The comment period opens Thursday for 45 days on an interim final rule (IFR) making temporary changes to the community bank leverage ratio (CBLR), according to filings made by federal banking agencies Wednesday.
The IFR was issued earlier this month and was effective then. However, the agencies still wanted to receive comments on the provision.
Under the IFR issued April 6, community banking organizations that have leverage ratios of 8% or more – and which meet certain other conditions – may begin using the CBLR framework beginning in the second quarter of 2020 and through year’s end; they will have until the start of 2022 to take advantage of the framework before the ratio gradually reverts to 9%.
Issued by the Federal Deposit Insurance Corp. (FDIC), the Federal Reserve, and the Office of the Comptroller of the Currency (OCC), the IFR states that the CBLR will be 8% beginning in the second quarter and for the remainder of calendar year 2020, 8.5% for calendar year 2021, and 9% thereafter.

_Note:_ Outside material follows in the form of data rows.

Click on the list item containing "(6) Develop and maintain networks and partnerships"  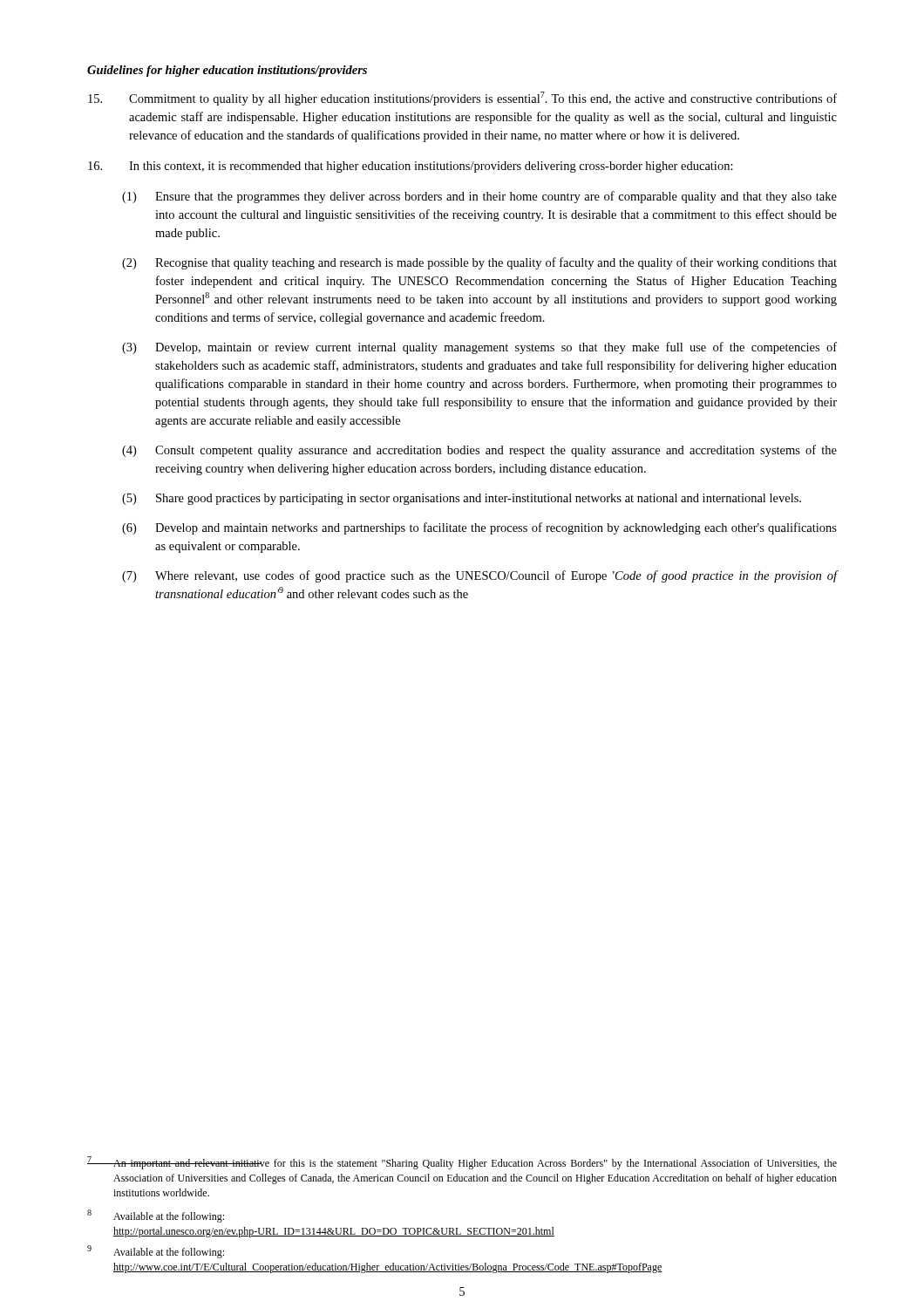pos(479,537)
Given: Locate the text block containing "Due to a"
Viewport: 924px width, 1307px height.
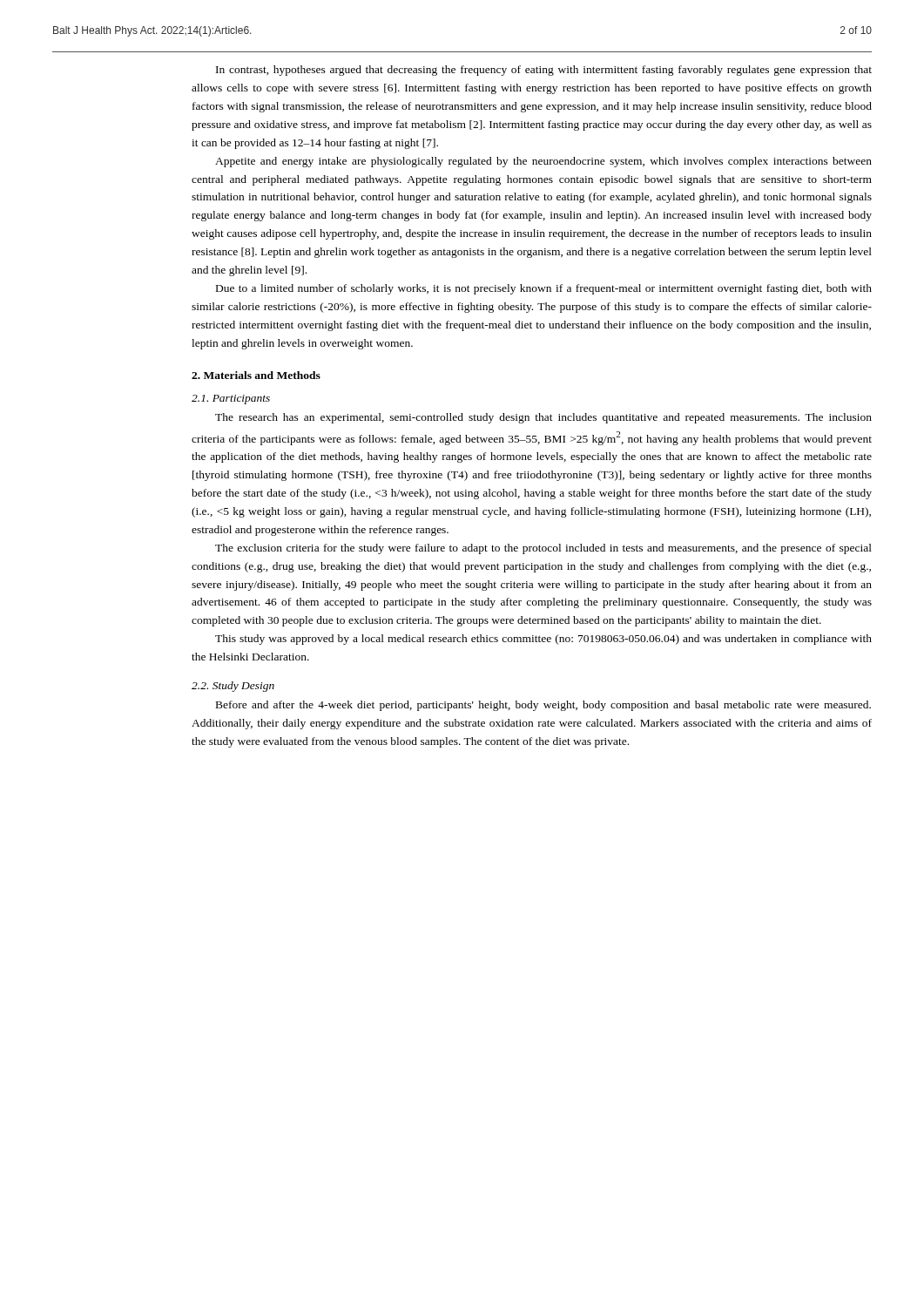Looking at the screenshot, I should (532, 316).
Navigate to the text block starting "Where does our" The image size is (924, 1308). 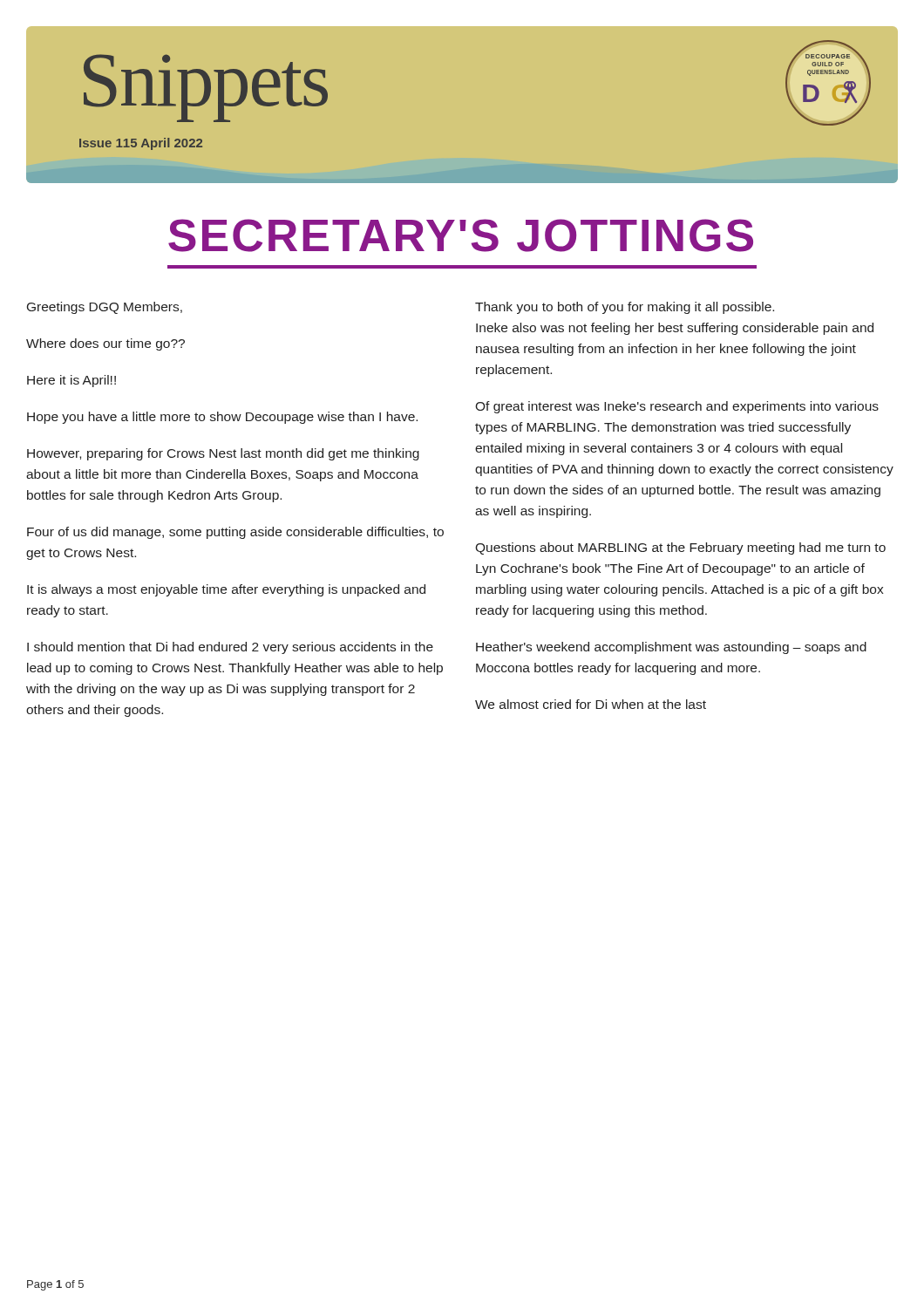pos(106,343)

The IFR maintains a two-quarter grace period for a qualifying community banking organization whose leverage ratio falls no more than 1% below the applicable community bank leverage ratio.
The rule implements provisions of the Coronavirus Aid, Relief, and Economic Security Act (CARES Act), enacted March 27, which requires the agencies to temporarily lower the community bank leverage ratio to 8%.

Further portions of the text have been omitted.